**WHAT YOU ARE ASKED TO DO**
From the entries below, return exactly the lines beginning at the one that contains "In the same image, the boat" and ending at the one that contains "#10 ink cartridge box (510,197,719,539)", both of them included, and only those lines.

**ENTRIES PROVIDED**
──────────────────────────────
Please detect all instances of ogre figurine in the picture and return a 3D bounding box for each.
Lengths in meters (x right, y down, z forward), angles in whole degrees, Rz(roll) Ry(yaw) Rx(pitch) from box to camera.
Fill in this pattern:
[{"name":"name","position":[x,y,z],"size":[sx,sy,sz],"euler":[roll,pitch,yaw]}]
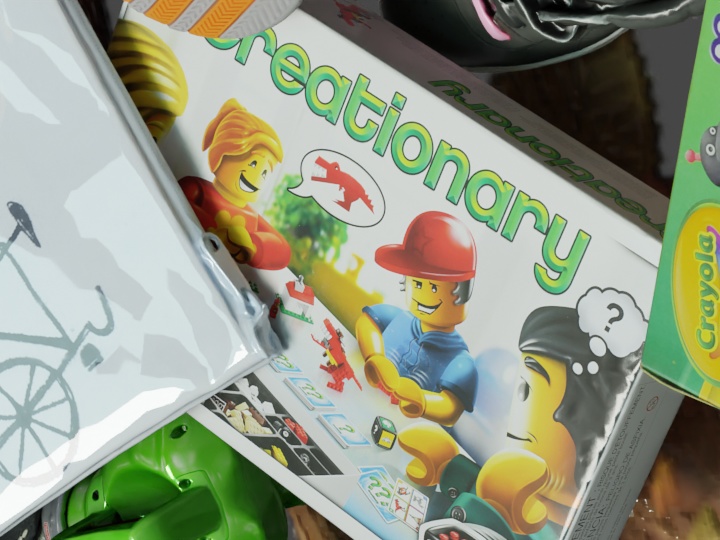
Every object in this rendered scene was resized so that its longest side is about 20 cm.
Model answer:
[{"name":"ogre figurine","position":[-0.069,0.079,0.898],"size":[0.120,0.098,0.201],"euler":[-10,82,54]}]

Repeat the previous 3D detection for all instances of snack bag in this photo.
[{"name":"snack bag","position":[-0.140,-0.008,0.815],"size":[0.200,0.021,0.189],"euler":[-34,78,21]}]

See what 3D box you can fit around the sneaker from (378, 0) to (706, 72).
[{"name":"sneaker","position":[0.050,-0.090,0.714],"size":[0.200,0.099,0.071],"euler":[-19,96,48]}]

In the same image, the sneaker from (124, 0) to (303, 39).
[{"name":"sneaker","position":[-0.003,-0.150,0.698],"size":[0.077,0.112,0.200],"euler":[28,145,-23]}]

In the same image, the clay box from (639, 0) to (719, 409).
[{"name":"clay box","position":[0.126,-0.048,0.648],"size":[0.048,0.115,0.200],"euler":[28,124,33]}]

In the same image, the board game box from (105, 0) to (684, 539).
[{"name":"board game box","position":[0.000,0.000,0.770],"size":[0.200,0.035,0.126],"euler":[34,116,28]}]

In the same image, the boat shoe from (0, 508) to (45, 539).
[{"name":"boat shoe","position":[-0.154,0.014,0.978],"size":[0.076,0.060,0.201],"euler":[-7,102,45]}]
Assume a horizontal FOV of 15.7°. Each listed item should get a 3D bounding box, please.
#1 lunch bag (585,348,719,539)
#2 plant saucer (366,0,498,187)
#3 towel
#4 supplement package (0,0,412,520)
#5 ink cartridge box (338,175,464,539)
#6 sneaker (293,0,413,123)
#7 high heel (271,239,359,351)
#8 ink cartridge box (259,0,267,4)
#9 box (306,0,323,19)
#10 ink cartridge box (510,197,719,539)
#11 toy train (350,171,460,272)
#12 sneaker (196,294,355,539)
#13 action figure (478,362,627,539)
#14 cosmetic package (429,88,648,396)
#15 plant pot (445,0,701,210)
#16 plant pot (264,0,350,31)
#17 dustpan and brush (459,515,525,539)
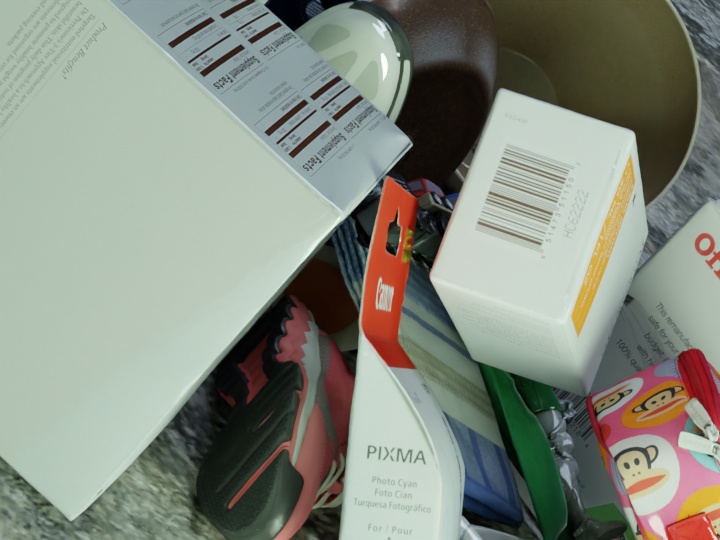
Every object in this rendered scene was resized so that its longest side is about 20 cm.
[{"bbox_3d":[0.183,0.150,1.299,0.176,0.082,0.200,-85,150,-76],"label":"lunch bag"},{"bbox_3d":[0.003,-0.070,1.421,0.037,0.200,0.200,51,21,25],"label":"plant saucer"},{"bbox_3d":[0.028,0.031,1.356,0.147,0.024,0.200,33,36,-63],"label":"towel"},{"bbox_3d":[-0.121,-0.042,1.142,0.200,0.191,0.147,43,20,0],"label":"supplement package"},{"bbox_3d":[0.026,0.064,1.174,0.047,0.201,0.160,7,-2,7],"label":"ink cartridge box"},{"bbox_3d":[-0.062,-0.049,1.265,0.076,0.200,0.115,50,24,6],"label":"sneaker"},{"bbox_3d":[0.000,0.000,1.459,0.200,0.067,0.096,30,32,-44],"label":"high heel"},{"bbox_3d":[-0.092,-0.213,1.201,0.176,0.084,0.200,41,-14,0],"label":"ink cartridge box"},{"bbox_3d":[-0.062,-0.194,1.679,0.136,0.038,0.200,27,4,-43],"label":"box"},{"bbox_3d":[0.187,0.082,1.466,0.084,0.200,0.146,15,34,-53],"label":"ink cartridge box"},{"bbox_3d":[0.034,-0.025,1.359,0.046,0.034,0.200,59,13,16],"label":"toy train"},{"bbox_3d":[-0.021,0.082,1.257,0.087,0.074,0.200,39,20,-14],"label":"sneaker"},{"bbox_3d":[0.093,0.072,1.433,0.118,0.055,0.200,77,-9,-62],"label":"action figure"},{"bbox_3d":[0.093,-0.009,1.304,0.071,0.102,0.200,19,-9,12],"label":"cosmetic package"},{"bbox_3d":[0.116,-0.118,1.802,0.200,0.200,0.134,39,-15,-12],"label":"plant pot"},{"bbox_3d":[-0.082,-0.151,1.447,0.180,0.200,0.200,45,18,27],"label":"plant pot"},{"bbox_3d":[0.066,0.147,1.302,0.200,0.057,0.140,16,5,15],"label":"dustpan and brush"}]
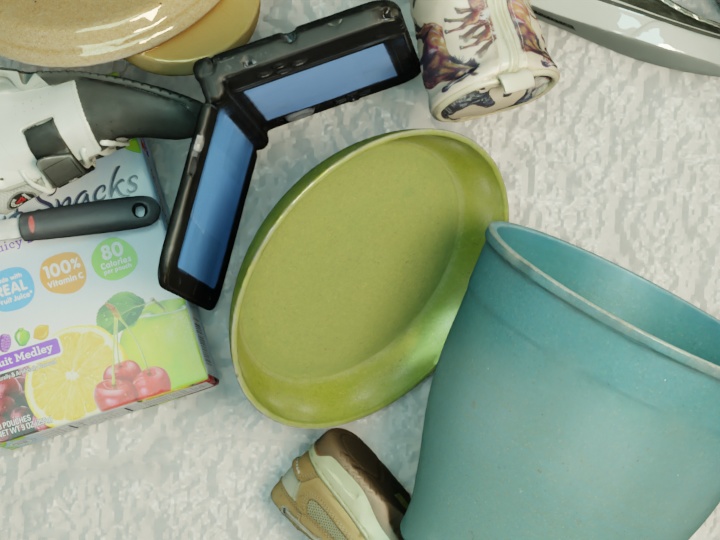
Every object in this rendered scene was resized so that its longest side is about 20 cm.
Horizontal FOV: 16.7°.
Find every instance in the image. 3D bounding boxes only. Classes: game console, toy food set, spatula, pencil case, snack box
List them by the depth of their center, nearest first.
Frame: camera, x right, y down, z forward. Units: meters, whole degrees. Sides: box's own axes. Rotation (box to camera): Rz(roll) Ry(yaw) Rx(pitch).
[{"bbox_3d":[-0.038,-0.064,1.432,0.176,0.200,0.116,-19,84,3],"label":"game console"},{"bbox_3d":[0.061,-0.183,1.434,0.078,0.089,0.200,-8,74,-11],"label":"pencil case"},{"bbox_3d":[-0.219,-0.022,1.481,0.200,0.021,0.057,-8,79,5],"label":"spatula"},{"bbox_3d":[-0.157,-0.194,1.494,0.200,0.049,0.198,-7,52,6],"label":"toy food set"},{"bbox_3d":[-0.184,-0.005,1.513,0.142,0.053,0.200,-17,83,2],"label":"snack box"}]

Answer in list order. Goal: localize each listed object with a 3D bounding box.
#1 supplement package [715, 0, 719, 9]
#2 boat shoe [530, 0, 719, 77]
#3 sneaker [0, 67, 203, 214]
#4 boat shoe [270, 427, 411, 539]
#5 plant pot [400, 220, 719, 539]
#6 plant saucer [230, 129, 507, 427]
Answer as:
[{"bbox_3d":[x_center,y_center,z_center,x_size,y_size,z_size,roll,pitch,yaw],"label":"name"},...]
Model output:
──────────────────────────────
**ANSWER FOR THE TASK**
In the same image, the boat shoe from (0, 508) to (45, 539).
[{"name":"boat shoe","position":[-0.154,0.014,0.978],"size":[0.076,0.060,0.201],"euler":[-7,102,45]}]
Assume a horizontal FOV of 15.7°. Each listed item should get a 3D bounding box, please.
#1 lunch bag (585,348,719,539)
#2 plant saucer (366,0,498,187)
#3 towel
#4 supplement package (0,0,412,520)
#5 ink cartridge box (338,175,464,539)
#6 sneaker (293,0,413,123)
#7 high heel (271,239,359,351)
#8 ink cartridge box (259,0,267,4)
#9 box (306,0,323,19)
#10 ink cartridge box (510,197,719,539)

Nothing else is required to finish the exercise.